**EXERCISE DETAILS:**
Using the material that follows, identify and copy each line with the string "layers".

**INPUT FOR THIS TASK:**

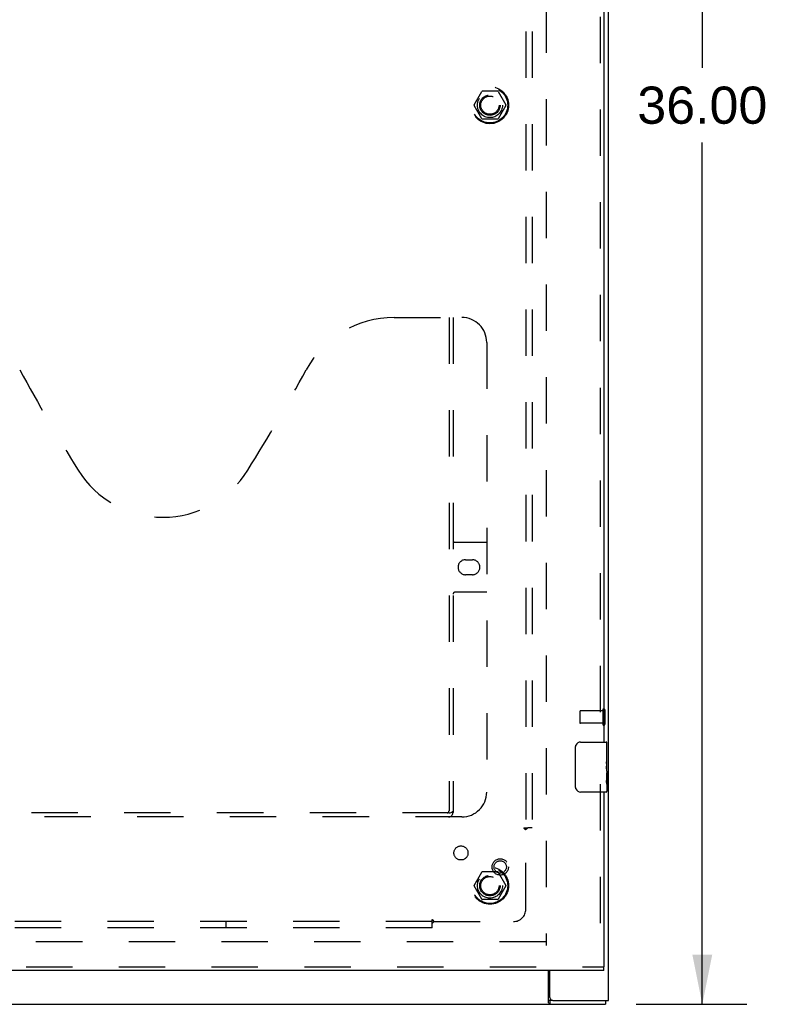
# Model space of a CAD drawing. Header units: inches. Extents: x 0 to 169, y 0 to 109.
# Tile 17 of 23: x 65 to 80, y 39 to 59. Entities that reach past the tile are written whole.
import ezdxf

# ---------------------------------------------------------------- set-up
doc = ezdxf.new("R2010")
doc.units = ezdxf.units.IN
doc.header["$LTSCALE"] = 9.280397
doc.header["$MEASUREMENT"] = 0
doc.linetypes.add('HIDDEN', pattern=[0.2, 0.1, -0.1])
doc.layers.get('0').update_dxf_attribs({"linetype": 'CONTINUOUS'})
for name, color, linetype in [('DEFAULT_2', 8, 'HIDDEN'), ('DIMENSIONS', 7, 'CONTINUOUS'), ('DOOR_ASSEMBLY_RIGHT', 7, 'CONTINUOUS'), ('SUBPANEL', 7, 'CONTINUOUS')]:
    doc.layers.add(name, color=color, linetype=linetype)
doc.styles.get("Standard").update_dxf_attribs({"font": 'arial.ttf'})
doc.dimstyles.new('DIMSTYLE_1', dxfattribs={"dimtxt": 0.744417, "dimasz": 0.992556, "dimexe": 0.09, "dimexo": 0.07, "dimgap": 0.0375, "dimtad": 0, "dimtih": 1, "dimtoh": 1, "dimzin": 4, "dimdsep": 46, "dimtxsty": 'Standard', "dimblk": '_FILLED', "dimblk1": '_FILLED', "dimblk2": '_FILLED', "dimcen": 0.09, "dimadec": 3, "dimazin": 1, "dimtfac": 1, "dimtdec": 3, "dimtofl": 0, "dimtmove": 0, "dimatfit": 3, "dimldrblk": '_FILLED', "dimfxl": 0, "dimtolj": 1, "dimtzin": 4, "dimarcsym": 0})

# ---------------------------------------------------------------- blocks, each defined once
blk = doc.blocks.new('_FILLED')
at = {"color": 0, "linetype": 'ByBlock'}
blk.add_solid([(0, 0), (-1, 0.2), (-1, -0.2)], dxfattribs=at)
blk = doc.blocks.new('*D12')
at = {"layer": 'DIMENSIONS', "color": 2, "linetype": 'Continuous'}
for p, q in [((77.226, 75.034), (79.443, 75.034)), ((78.55, 75.034), (78.55, 57.778)), ((78.55, 39.034), (78.55, 56.289)), ((77.226, 39.034), (79.443, 39.034))]:
    blk.add_line(p, q, dxfattribs=at)
at = {"layer": 'DIMENSIONS', "color": 2, "linetype": 'Continuous', "xscale": 0.9925558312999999, "yscale": 0.9925558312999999, "zscale": 0.9925558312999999}
for p, rotation in [((78.55, 75.034), 90), ((78.55, 39.034), 270)]:
    blk.add_blockref('_FILLED', p, dxfattribs=dict(at, rotation=rotation))
at = {"layer": 'DIMENSIONS', "color": 2, "linetype": 'Continuous', "insert": (78.55, 57.406), "char_height": 0.7444, "width": 2.60131, "attachment_point": 2, "line_spacing_factor": 0.9}
blk.add_mtext('36.00', dxfattribs=at)

msp = doc.modelspace()

# ---------------------------------------------------------------- linework, layer by layer
at = {"color": 3, "linetype": 'Continuous'}
for p, q in [((76.674, 39.109), (76.674, 74.959)), ((75.472, 39.065), (75.472, 39.709)), ((75.499, 39.169), (75.499, 39.709)), ((28.737, 39.034), (76.611, 39.034)), ((75.559, 39.109), (76.674, 39.109))]:
    msp.add_line(p, q, dxfattribs=at)
at = {"color": 7, "linetype": 'Continuous'}
for p, q in [((75.559, 39.109), (75.497, 39.109)), ((75.497, 39.109), (75.497, 39.034)), ((76.611, 39.109), (76.611, 39.034))]:
    msp.add_line(p, q, dxfattribs=at)
for points in [[(75.472, 39.12), (75.473, 39.12), (75.474, 39.12), (75.475, 39.12), (75.477, 39.12), (75.478, 39.12), (75.48, 39.12), (75.481, 39.119), (75.482, 39.118), (75.484, 39.117), (75.485, 39.116), (75.486, 39.115), (75.489, 39.113)], [(75.489, 39.113), (75.49, 39.112), (75.491, 39.111), (75.492, 39.11), (75.494, 39.11), (75.495, 39.109), (75.496, 39.109), (75.497, 39.109)]]:
    msp.add_lwpolyline(points, dxfattribs=at)
at = {"color": 3, "linetype": 'Continuous'}
for points in [[(75.472, 39.065), (75.474, 39.063), (75.475, 39.061), (75.477, 39.059), (75.478, 39.056), (75.479, 39.054), (75.482, 39.048)], [(75.482, 39.048), (75.484, 39.046), (75.485, 39.044), (75.486, 39.042), (75.488, 39.04), (75.489, 39.038), (75.491, 39.037), (75.492, 39.035), (75.494, 39.035), (75.495, 39.034), (75.496, 39.034), (75.497, 39.034)]]:
    msp.add_lwpolyline(points, dxfattribs=at)
msp.add_arc((75.559, 39.169), 0.06, 180, 270, dxfattribs=at)
at = {"layer": 'DEFAULT_2', "color": 8, "linetype": 'HIDDEN'}
for p, q in [((75.424, 73.859), (75.424, 40.209)), ((73.982, 57.039), (74.136, 57.306)), ((74.454, 57.311), (74.145, 57.311)), ((74.462, 57.306), (74.617, 57.039)), ((74.136, 56.761), (73.982, 57.029)), ((74.617, 57.029), (74.462, 56.761)), ((74.454, 56.756), (74.145, 56.756)), ((76.099, 44.898), (76.099, 44.67)), ((76.556, 44.908), (76.109, 44.908)), ((76.556, 44.926), (76.556, 44.642)), ((76.599, 44.926), (76.599, 44.642)), ((76.556, 44.66), (76.109, 44.66)), ((73.982, 41.414), (74.136, 41.681)), ((74.454, 41.686), (74.145, 41.686)), ((74.462, 41.681), (74.617, 41.414)), ((74.136, 41.136), (73.982, 41.404)), ((74.617, 41.404), (74.462, 41.136)), ((74.454, 41.131), (74.145, 41.131)), ((75.422, 40.284), (54.349, 40.284))]:
    msp.add_line(p, q, dxfattribs=at)
for centre, radius in [((74.299, 57.034), 0.372), ((74.299, 57.034), 0.356), ((74.299, 57.034), 0.204), ((74.299, 57.034), 0.183), ((74.299, 41.409), 0.372), ((74.299, 41.409), 0.356), ((74.299, 41.409), 0.204), ((74.299, 41.409), 0.183)]:
    msp.add_circle(centre, radius, dxfattribs=at)
for centre, radius, start, end in [((74.145, 57.301), 0.01, 90.0113, 149.988), ((74.454, 57.301), 0.01, 30.0108, 89.9876), ((73.99, 57.034), 0.01, 150.0117, 209.9873), ((74.608, 57.034), 0.01, 330.0117, 29.9873), ((74.145, 56.766), 0.01, 210.0108, 269.9876), ((74.454, 56.766), 0.01, 270.0113, 329.988), ((76.578, 44.926), 0.0215, 0, 180), ((76.109, 44.898), 0.01, 90, 180), ((76.109, 44.67), 0.01, 180, 270), ((76.578, 44.642), 0.0215, 180, 360), ((74.145, 41.676), 0.01, 90.0113, 149.988), ((74.454, 41.676), 0.01, 30.0108, 89.9876), ((73.99, 41.409), 0.01, 150.0117, 209.9873), ((74.608, 41.409), 0.01, 330.0117, 29.9873), ((74.145, 41.141), 0.01, 210.0108, 269.9876), ((74.454, 41.141), 0.01, 270.0113, 329.988)]:
    msp.add_arc(centre, radius, start, end, dxfattribs=at)
at = {"layer": 'DOOR_ASSEMBLY_RIGHT', "color": 8, "linetype": 'HIDDEN'}
for p, q in [((76.505, 69.939), (76.505, 44.129)), ((72.38, 52.784), (73.735, 52.784)), ((73.48, 52.784), (73.48, 42.904)), ((73.56, 52.784), (73.56, 42.874)), ((74.235, 52.284), (74.235, 43.284)), ((73.6, 48.284), (74.235, 48.284)), ((73.811, 47.934), (73.948, 47.934)), ((73.948, 47.634), (73.811, 47.634)), ((74.235, 47.284), (73.6, 47.284)), ((76.505, 43.439), (76.505, 39.784)), ((73.735, 42.784), (61.775, 42.784)), ((73.476, 42.864), (62.033, 42.864)), ((53.88, 39.784), (76.58, 39.784))]:
    msp.add_line(p, q, dxfattribs=at)
at = {"layer": 'DOOR_ASSEMBLY_RIGHT', "color": 3, "linetype": 'Continuous'}
for p, q in [((76.58, 69.784), (76.58, 44.284)), ((76.58, 43.284), (76.58, 39.784)), ((76.58, 39.709), (53.88, 39.709))]:
    msp.add_line(p, q, dxfattribs=at)
at = {"layer": 'DOOR_ASSEMBLY_RIGHT', "color": 7, "linetype": 'Continuous'}
for p, q in [((76.015, 43.384), (76.015, 44.184)), ((76.115, 44.284), (76.625, 44.284)), ((76.64, 43.701), (76.64, 44.269)), ((76.64, 44.13), (76.63, 44.13)), ((76.63, 44.13), (76.63, 43.899)), ((76.64, 43.962), (76.63, 43.962)), ((76.64, 43.899), (76.63, 43.899)), ((76.64, 43.863), (76.63, 43.863)), ((76.63, 43.852), (76.63, 43.799)), ((76.64, 43.669), (76.63, 43.669)), ((76.63, 43.669), (76.63, 43.512)), ((76.637, 43.731), (76.64, 43.731)), ((76.64, 43.699), (76.64, 43.446)), ((76.631, 43.501), (76.64, 43.501)), ((76.64, 43.443), (76.64, 43.299)), ((76.625, 43.284), (76.115, 43.284)), ((76.58, 39.709), (76.58, 39.784))]:
    msp.add_line(p, q, dxfattribs=at)
for points in [[(76.015, 44.184), (76.015, 44.19), (76.015, 44.196), (76.016, 44.202), (76.018, 44.208), (76.019, 44.214), (76.021, 44.22)], [(76.63, 43.852), (76.63, 43.858), (76.63, 43.865), (76.631, 43.871), (76.632, 43.877), (76.632, 43.882), (76.633, 43.888)], [(76.637, 43.731), (76.633, 43.757), (76.632, 43.766), (76.631, 43.775), (76.631, 43.784), (76.63, 43.792), (76.63, 43.799)], [(76.64, 43.699), (76.639, 43.706), (76.639, 43.714), (76.638, 43.722), (76.637, 43.731)], [(76.021, 43.348), (76.019, 43.353), (76.018, 43.359), (76.016, 43.365), (76.015, 43.371), (76.015, 43.377), (76.015, 43.384)], [(76.631, 43.493), (76.63, 43.502), (76.63, 43.512)], [(76.64, 43.443), (76.639, 43.446), (76.639, 43.45), (76.638, 43.456), (76.637, 43.462), (76.636, 43.469), (76.634, 43.476), (76.633, 43.485), (76.631, 43.493)]]:
    msp.add_lwpolyline(points, dxfattribs=at)
at = {"layer": 'DOOR_ASSEMBLY_RIGHT', "color": 8, "linetype": 'HIDDEN'}
msp.add_lwpolyline([(73.476, 42.864), (73.491, 42.865), (73.506, 42.869), (73.522, 42.875), (73.538, 42.883), (73.553, 42.893), (73.57, 42.904)], dxfattribs=at)
for radius in [0.164, 0.124]:
    msp.add_circle((74.505, 41.784), radius, dxfattribs=at)
for centre, radius, start, end in [((72.38, 50.784), 2, 90, 151.5187), ((73.735, 52.284), 0.5, 0, 90), ((99.438, 70.482), 39.307, 208.4813, 211.8705), ((36.072, 70.482), 39.307, 328.1295, 331.5187), ((67.755, 50.784), 2, 211.8705, 328.1295), ((73.6, 48.324), 0.04, 180, 270), ((73.811, 47.784), 0.15, 90, 270), ((73.948, 47.784), 0.15, 270, 90), ((73.6, 47.244), 0.04, 90, 180), ((73.735, 43.284), 0.5, 270, 360), ((73.44, 42.904), 0.04, 270, 360), ((73.47, 42.874), 0.09, 270, 360)]:
    msp.add_arc(centre, radius, start, end, dxfattribs=at)
at = {"layer": 'DOOR_ASSEMBLY_RIGHT', "color": 7, "linetype": 'Continuous'}
for centre, radius, start, end in [((76.115, 44.184), 0.1, 90, 158.7946), ((76.625, 44.269), 0.015, 0, 90), ((76.115, 43.384), 0.1, 201.1999, 270), ((76.625, 43.299), 0.015, 270, 360)]:
    msp.add_arc(centre, radius, start, end, dxfattribs=at)
msp.add_ellipse((76.44, 43.866), major_axis=(0.2, 0), ratio=0.432808, start_param=0, end_param=0.261817, dxfattribs=at)
at = {"layer": 'SUBPANEL', "color": 8, "linetype": 'HIDDEN'}
for p, q in [((75.018, 71.503), (75.018, 42.565)), ((75.143, 71.503), (75.143, 42.565)), ((74.977, 42.565), (75.056, 42.565)), ((75.018, 40.94), (75.018, 42.53)), ((75.143, 42.565), (75.056, 42.565)), ((73.143, 40.69), (32.205, 40.69)), ((69.018, 40.565), (69.018, 40.69)), ((73.143, 40.651), (73.143, 40.731)), ((73.143, 40.565), (73.143, 40.651)), ((73.165, 40.71), (73.169, 40.703)), ((73.178, 40.69), (74.768, 40.69)), ((73.143, 40.565), (32.205, 40.565))]:
    msp.add_line(p, q, dxfattribs=at)
for points in [[(74.977, 42.565), (74.978, 42.563), (74.978, 42.562), (74.979, 42.56), (74.98, 42.559), (74.981, 42.557), (74.982, 42.556), (74.983, 42.555), (74.984, 42.553), (74.986, 42.552), (74.987, 42.55), (74.989, 42.549), (74.99, 42.548), (74.992, 42.547), (74.994, 42.545), (74.996, 42.544), (74.998, 42.543), (75.004, 42.539)], [(75.004, 42.539), (75.007, 42.538), (75.009, 42.536), (75.011, 42.535), (75.013, 42.534), (75.015, 42.532), (75.016, 42.531), (75.018, 42.53)], [(75.037, 42.548), (75.03, 42.541), (75.028, 42.54), (75.026, 42.538), (75.024, 42.536), (75.023, 42.534), (75.021, 42.532), (75.019, 42.531), (75.018, 42.53)], [(75.056, 42.565), (75.054, 42.563), (75.052, 42.562), (75.05, 42.56), (75.048, 42.559), (75.046, 42.557), (75.045, 42.556), (75.043, 42.554), (75.041, 42.553), (75.04, 42.551), (75.038, 42.55), (75.037, 42.548)], [(73.143, 40.731), (73.144, 40.73), (73.146, 40.73), (73.148, 40.729), (73.149, 40.728), (73.15, 40.727), (73.152, 40.726), (73.153, 40.725), (73.155, 40.724), (73.156, 40.722), (73.157, 40.721), (73.159, 40.719), (73.16, 40.717), (73.161, 40.716), (73.162, 40.714), (73.164, 40.712), (73.165, 40.71)], [(73.143, 40.651), (73.144, 40.653), (73.146, 40.655), (73.147, 40.657), (73.149, 40.659), (73.15, 40.661), (73.151, 40.662), (73.153, 40.664), (73.154, 40.666), (73.156, 40.667), (73.157, 40.669), (73.158, 40.67), (73.16, 40.671)], [(73.16, 40.671), (73.164, 40.676), (73.168, 40.679)], [(73.168, 40.679), (73.169, 40.681), (73.171, 40.682), (73.173, 40.684), (73.174, 40.686), (73.176, 40.687), (73.177, 40.689), (73.178, 40.69)], [(73.169, 40.703), (73.17, 40.701), (73.172, 40.699), (73.173, 40.697), (73.174, 40.695), (73.176, 40.693), (73.177, 40.692), (73.178, 40.69)]]:
    msp.add_lwpolyline(points, dxfattribs=at)
for centre, radius in [((74.299, 57.034), 0.25), ((73.719, 42.064), 0.141), ((74.299, 41.409), 0.25)]:
    msp.add_circle(centre, radius, dxfattribs=at)
msp.add_arc((74.768, 40.94), 0.25, 270, 360, dxfattribs=at)

# ---------------------------------------------------------------- dimensions: what is measured, and where the dimension line sits
at = {"layer": 'DIMENSIONS', "color": 2, "linetype": 'Continuous'}
dim = msp.add_linear_dim(base=(78.55, 75.034), p1=(77.156, 39.034), p2=(77.156, 75.034), angle=90, dimstyle='DIMSTYLE_1', dxfattribs=at)
dim.commit()
dim.dimension.update_dxf_attribs({"geometry": '*D12', "text_midpoint": (78.548, 57.03), "dimtype": 160})

doc.saveas('drawing.dxf')

**WRITTEN RESPONSE:**
doc.layers.get('0').update_dxf_attribs({"linetype": 'CONTINUOUS'})
    doc.layers.add(name, color=color, linetype=linetype)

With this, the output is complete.